Потом под тихую мелодию поведал Алине, от чего и когда «в том сне» умерли мои родители. Почувствовал, что «стена» между мной и моей соседкой по парте дала трещину. Спел три грустных романса. Разбавлял их рассказами «о будущем». После второй бутылки вина Алина всё же завязала со мной беседу — тогда я и выяснил её сегодняшние планы и «происхождение» этой «нежилой» квартиры, где мы находились. Не забывал я и о пении: музыка хорошо влияла на настроение. Вот тогда-то я и вспомнил, что во многих своих «любовных» романах утверждал: лучший способ разрядки эмоционального и физического напряжения для женщин — это хороший секс. Посетило меня это откровение, когда бутылка «Столичной» почти опустела. Тогда оно показалось мне мудрым, логичным и… своевременным. Я включил режим «самопожертвования» и перешёл в своём концерте на любовную тематику.

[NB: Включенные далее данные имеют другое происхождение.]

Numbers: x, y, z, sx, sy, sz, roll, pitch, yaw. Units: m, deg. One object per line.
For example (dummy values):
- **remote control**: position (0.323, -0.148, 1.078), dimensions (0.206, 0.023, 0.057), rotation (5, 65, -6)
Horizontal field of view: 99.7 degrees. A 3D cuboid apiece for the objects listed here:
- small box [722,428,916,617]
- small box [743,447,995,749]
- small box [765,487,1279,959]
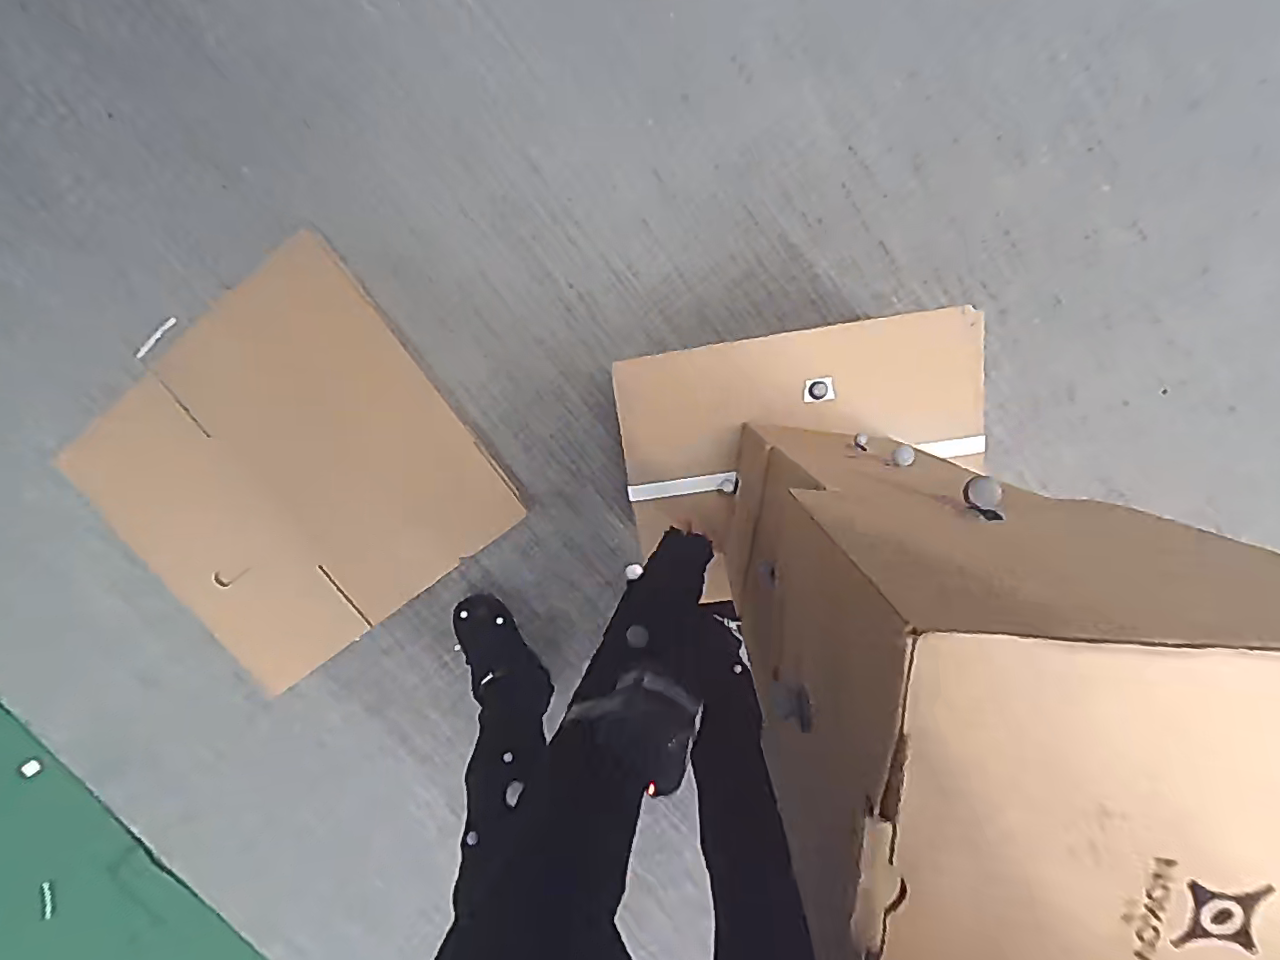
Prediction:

Я опять почувствовал уколы боли, прижал к вискам ладони.
Снова взглянул на спящую Алину и мысленно себя отругал: «Целитель женских душ… безмозглый!»
Но всё же признал, что вчера организовал правильную «осаду». Я грамотно использовал все доступные и «разрешённые» приёмы для соблазнения школьницы. Применил накопленный за годы общения с женщинами опыт. Пустил в ход всё своё обаяние. Сделал поправку на выпитое девчонкой вино. За пару часов провернул настоящий блицкриг. Ещё тогда, вечером, понимал: выскользнуть из моих «сетей» у юной неопытной девицы не было никаких шансов. Но я чувствовал себя (обкладывая жертву «флажками») вовсе не старым развратником. Я видел себя тогда благородным лекарем, бесстрашно и умело боровшимся за жизнь и здоровье пациентки. А потом так же ответственно я проводил «лечение» — с поправкой на то, что пациентка «принимала оздоровительные процедуры» в первый раз. И даже позаботился о том, чтобы лекарство не дало «побочных эффектов» (через девять месяцев).
— Идиооооот, — едва слышно простонал я.
Взглянул на Волкову — убедился, что не разбудил стоном Алину.
Сжал между рук свою голову. Вздохнул. Мысленно пообещал себе, что больше (в этой новой жизни) никогда не проглочу ни грамма… «Столичной».